IBAnalyst: How to get statistics from InterBase/Firebird database in right way
IBAnalyst: How to get statistics from InterBase/Firebird database in right way
Dmitry Kuzmenko, last update 31-03-2014
Abstract
This document is devoted to tips and tricks of gathering and analyzing statistics from InterBase/Firebird databases with or without IBAnalyst.
Right time, right place
It sounds strange, but just taking statistics via gstat or Services API is not enough. Statistics must be taken at the right moment to show how applications affect data and transactions in database. Worst time to take statistics is
Right after restore
After backup (gbak –b db.gdb) without –g switch is made
After manual sweep (gfix –sweep)
It is also correct that during work there can be moments where database is in correct state, for example, when applications make less database load than usual (users at launch, dinner or its by specific business process times).
How to catch when there is something wrong in database?

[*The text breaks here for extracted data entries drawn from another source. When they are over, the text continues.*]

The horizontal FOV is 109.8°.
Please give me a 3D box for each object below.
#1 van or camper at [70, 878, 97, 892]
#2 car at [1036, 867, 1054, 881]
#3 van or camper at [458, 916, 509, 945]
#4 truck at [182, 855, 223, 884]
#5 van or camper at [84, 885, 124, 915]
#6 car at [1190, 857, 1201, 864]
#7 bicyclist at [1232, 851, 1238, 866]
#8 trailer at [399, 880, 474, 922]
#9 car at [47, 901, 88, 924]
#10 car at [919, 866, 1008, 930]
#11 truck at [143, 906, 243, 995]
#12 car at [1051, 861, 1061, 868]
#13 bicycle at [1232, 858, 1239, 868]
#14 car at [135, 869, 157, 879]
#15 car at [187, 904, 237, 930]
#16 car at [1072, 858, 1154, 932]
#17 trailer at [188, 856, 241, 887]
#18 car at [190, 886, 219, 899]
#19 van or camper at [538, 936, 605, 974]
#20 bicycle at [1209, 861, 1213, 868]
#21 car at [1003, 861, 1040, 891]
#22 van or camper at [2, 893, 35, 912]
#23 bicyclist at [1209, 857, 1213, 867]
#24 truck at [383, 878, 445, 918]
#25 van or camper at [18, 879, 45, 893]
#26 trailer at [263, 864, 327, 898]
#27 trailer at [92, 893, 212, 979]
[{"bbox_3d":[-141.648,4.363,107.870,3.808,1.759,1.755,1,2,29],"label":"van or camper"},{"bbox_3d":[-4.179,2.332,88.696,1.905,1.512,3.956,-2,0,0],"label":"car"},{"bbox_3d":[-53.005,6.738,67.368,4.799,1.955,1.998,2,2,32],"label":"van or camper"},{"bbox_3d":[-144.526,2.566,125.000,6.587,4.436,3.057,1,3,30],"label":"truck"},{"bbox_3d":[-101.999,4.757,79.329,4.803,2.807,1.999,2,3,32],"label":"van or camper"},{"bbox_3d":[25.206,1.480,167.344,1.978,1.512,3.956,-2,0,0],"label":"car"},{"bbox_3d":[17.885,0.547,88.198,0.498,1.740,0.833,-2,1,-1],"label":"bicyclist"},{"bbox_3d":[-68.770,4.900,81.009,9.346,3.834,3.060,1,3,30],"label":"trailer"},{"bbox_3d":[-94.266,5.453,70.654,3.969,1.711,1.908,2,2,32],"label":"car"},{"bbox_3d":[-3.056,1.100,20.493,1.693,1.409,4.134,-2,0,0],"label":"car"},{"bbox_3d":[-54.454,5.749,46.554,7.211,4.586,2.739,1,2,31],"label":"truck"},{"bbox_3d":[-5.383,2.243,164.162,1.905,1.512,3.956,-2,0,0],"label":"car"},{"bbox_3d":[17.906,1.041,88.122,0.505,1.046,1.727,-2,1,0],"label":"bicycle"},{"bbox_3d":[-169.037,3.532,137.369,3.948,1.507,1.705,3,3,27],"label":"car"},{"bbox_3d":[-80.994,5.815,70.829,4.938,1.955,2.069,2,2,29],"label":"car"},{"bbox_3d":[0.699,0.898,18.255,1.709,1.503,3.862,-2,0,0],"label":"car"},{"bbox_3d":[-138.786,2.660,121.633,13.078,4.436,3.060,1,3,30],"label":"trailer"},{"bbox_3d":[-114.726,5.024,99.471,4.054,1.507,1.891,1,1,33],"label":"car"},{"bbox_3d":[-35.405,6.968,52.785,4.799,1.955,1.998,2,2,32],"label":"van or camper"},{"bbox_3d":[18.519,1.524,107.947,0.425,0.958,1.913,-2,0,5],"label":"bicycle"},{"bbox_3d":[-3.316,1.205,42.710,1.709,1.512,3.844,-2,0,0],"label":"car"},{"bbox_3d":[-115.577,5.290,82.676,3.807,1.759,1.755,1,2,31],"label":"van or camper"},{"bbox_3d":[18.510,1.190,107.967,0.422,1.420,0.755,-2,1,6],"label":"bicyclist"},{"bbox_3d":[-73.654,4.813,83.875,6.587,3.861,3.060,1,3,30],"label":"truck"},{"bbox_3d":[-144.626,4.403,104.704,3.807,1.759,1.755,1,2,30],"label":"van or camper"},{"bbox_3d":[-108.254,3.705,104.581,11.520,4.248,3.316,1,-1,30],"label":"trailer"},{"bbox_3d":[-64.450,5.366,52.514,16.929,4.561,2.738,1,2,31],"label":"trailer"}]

Yes, your applications can be designed so perfect that they will always work with transactions and data correctly, not making sweep gaps, lot of active transactions, long running snapshots and so on. Usually it does not happen. At least because some developers test their applications running 2-3 simultaneous users at the same time, not more. Thus, when they set up written applications for 15 and more simultaneous users, database can behave unpredictably. Of course, multiuser mode can work Ok, because most of multiuser conflicts can be tested with 2-3 concurrently running applications. But, next, when more concurrent applications will run, garbage collection problems can came (at least). And this can be caught if you take statistics at the correct moments.

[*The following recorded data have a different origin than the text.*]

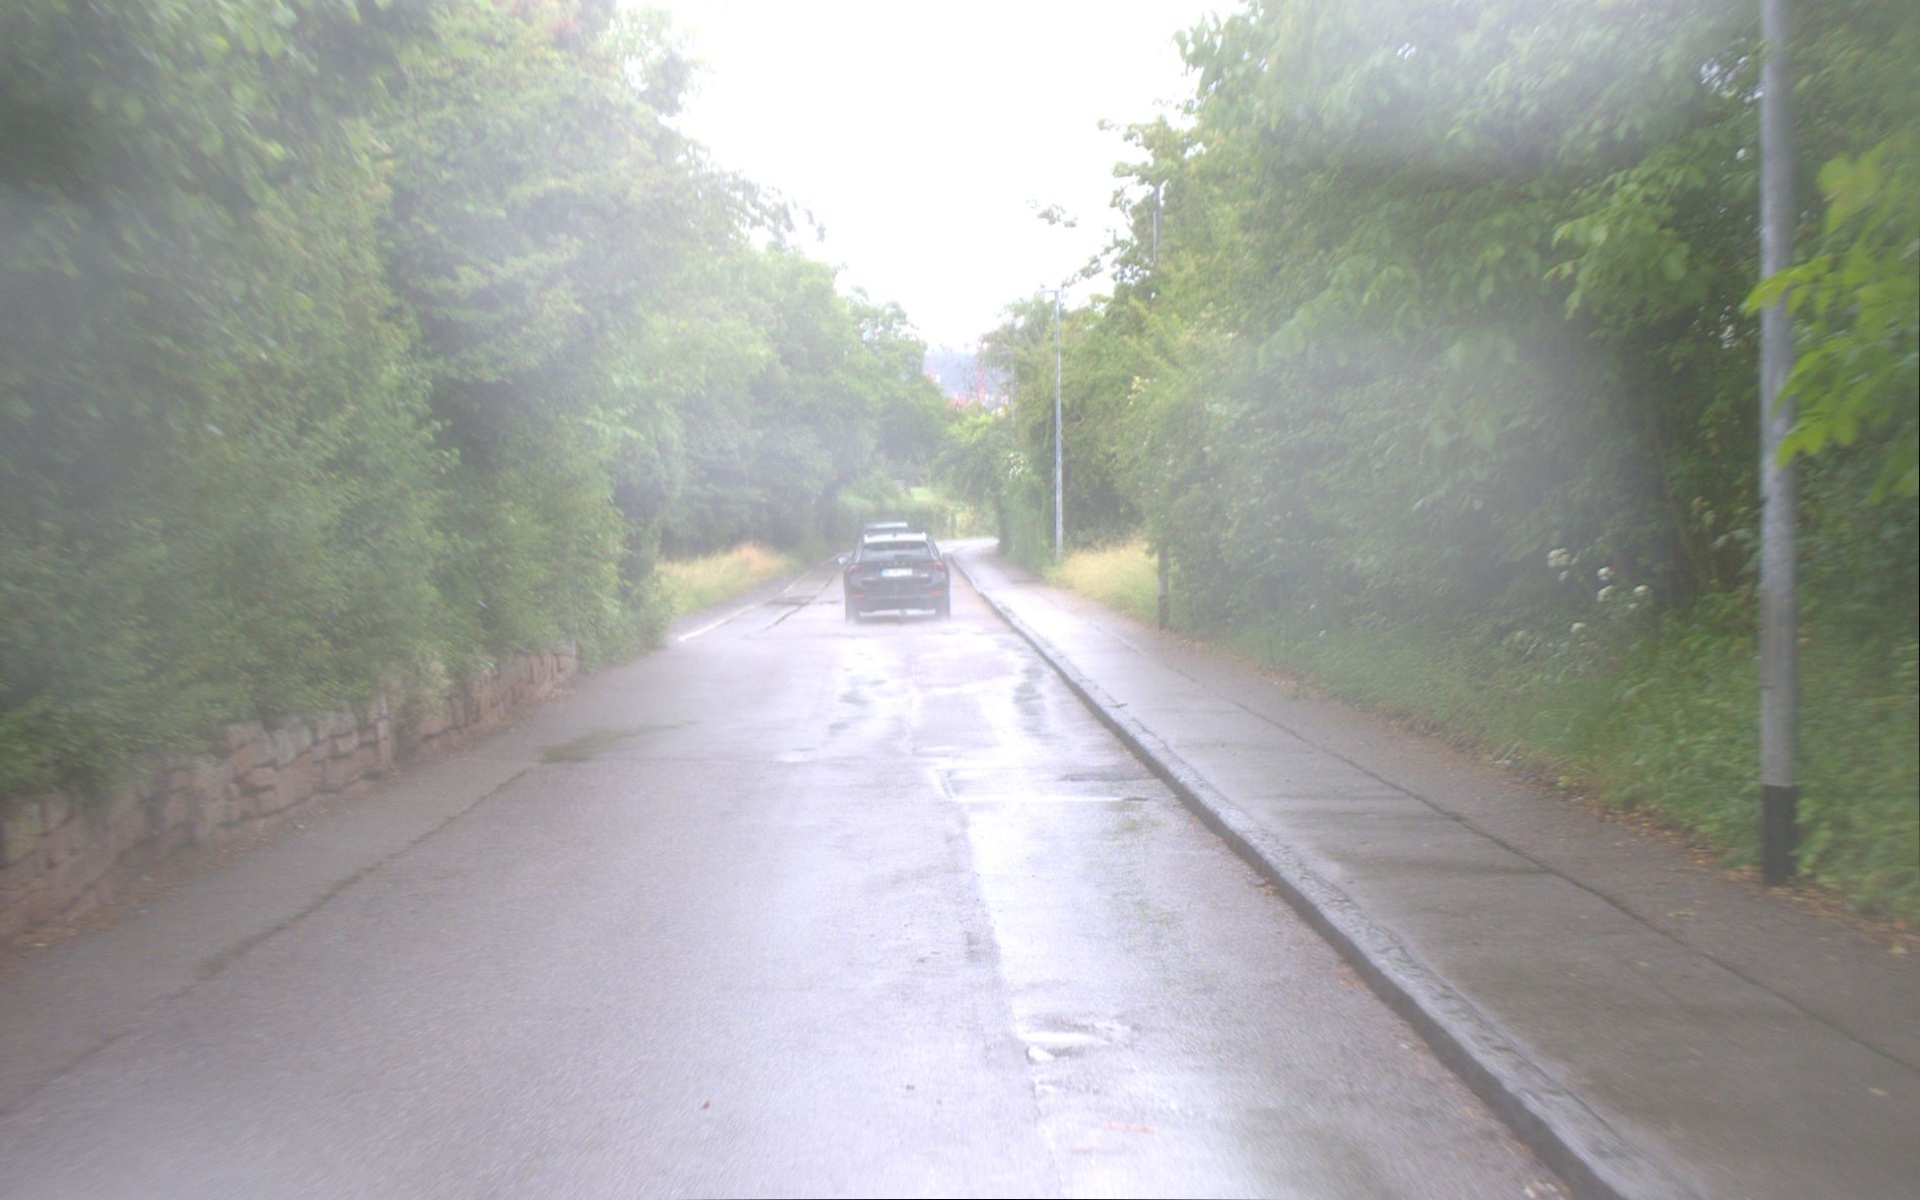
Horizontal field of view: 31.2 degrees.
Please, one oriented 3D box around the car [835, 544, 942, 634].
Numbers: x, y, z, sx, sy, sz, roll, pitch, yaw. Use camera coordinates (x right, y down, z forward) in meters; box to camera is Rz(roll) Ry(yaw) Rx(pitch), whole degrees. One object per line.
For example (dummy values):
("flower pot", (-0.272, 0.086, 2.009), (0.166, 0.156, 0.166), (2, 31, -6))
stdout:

If you does not experience periodical performance problems
This can happen when your applications are designed correctly, there is low database load, or your hardware is modern and very powerful (enough to handle well current user count and data).
The most valuable information is transactions load and version accumulation. This can be seen only if you setup regular statistics saving.
InterBase does not have internal task scheduler, so you are free to use any external, like standard Task Scheduler (Windows) or cron (Unix).
The best setup is to get hourly transaction statistics. This can be done by running
gstat –h db.gdb >db_stat_
If you experience periodical performance problems
These problems usually caused by automatic sweep run. First you need to determine time period between such a performance hits. Next, divide this interval minimally to 4 (8, 16 and so on). Now information systems have lot of concurrent users, and most of performance problems with not configured server and database happens 2 or 3 timers per day. For example, if performance hits happens each 3 hours, you need to take
gstat –h db.gdb
statictics each 30-45 minutes, and
gstat –a –r db.gdb –user SYSDBA –pass masterkey
each 1-1.5 hour.
The best is when you take gstat –a –r statistics right before forthcoming performance hit. It will show where real garbage is and how many obsolete record versions accumulated.
What to do with this statistics
If your application explicitly uses transactions and uses them well, i.e. you know what is read read_committed and when to use it, your snapshot transactions lasts no longer than needed, and transactions are being active minimal duration of time, you can tune sweep interval or set it off, and then only care about how many updates application(s) makes and what tables need to be less updated or cared about updates.
What does this mean, you can ask? We'll give example of some system, where performance problems happened each morning for 20-30 minutes. That was very sufficient for "morning" applications, and could not last longer.
Database admin was asked correct questions, and here is the picture:
Daily work was divided by sections – analytics works in the morning, than data is inserted and edited by usual operators, and at the end of the day special procedures started gathering data, that would be used for analytics next day (at least).
The last work on database at the end of day was lot of updates, and updates of those tables which analytics used in the morning. So, there were a lot of garbage versions, which started to be collected by application, running in the morning.
And, the answer to that problem was found simple – to run gfix –sweep at the end of the day.
Sweep reads all tables in database and tries to collect all garbage versions for committed and rolled back transactions. After sweeping database became clear nearly it comes after restore.
And, "morning problem" has gone.
So, you need to consider statistics with lot of other factors:
1. how many concurrent users (average) work during the day
2. how long is working day (8, 12, 16, 24 hours)
3. what kind of applications running at different day times, and how they affect data being used by other applications, running at the same time or next. I.e. you must understand business processes happening during the whole day and whole week.
When DBA can't do nothing
Sadly to say, these situations happen. And again, example:
Some system installed for ~15 users. Periodically performance is so bad, that DBA needs to restart server. After server restart everything work fine for some time, then performance gets bad again. Statistics showed that average daily transactions is about 75,000, and there are active transactions running from the start of day to the moment when performance getting down.
Unfortunately, applications were written with BDE and with no transactions using at all; i.e. all transaction handling was automatic and used by BDE itself. This caused some transactions to stay active for a long time, and garbage (record versions) accumulated until DBA restarted server. After restart automatic sweep run, and garbage became collected (eliminated).
All these was caused by applications, because they were tested only with 2-3 concurrent users, and when they became ~15, applications started to make very high load.
Need to say that in that configuration 70% of users were only reading data, and other 30% were inserting and updating some (!) data.
In this situation the only thing that can make performance better is to redesign applications completely.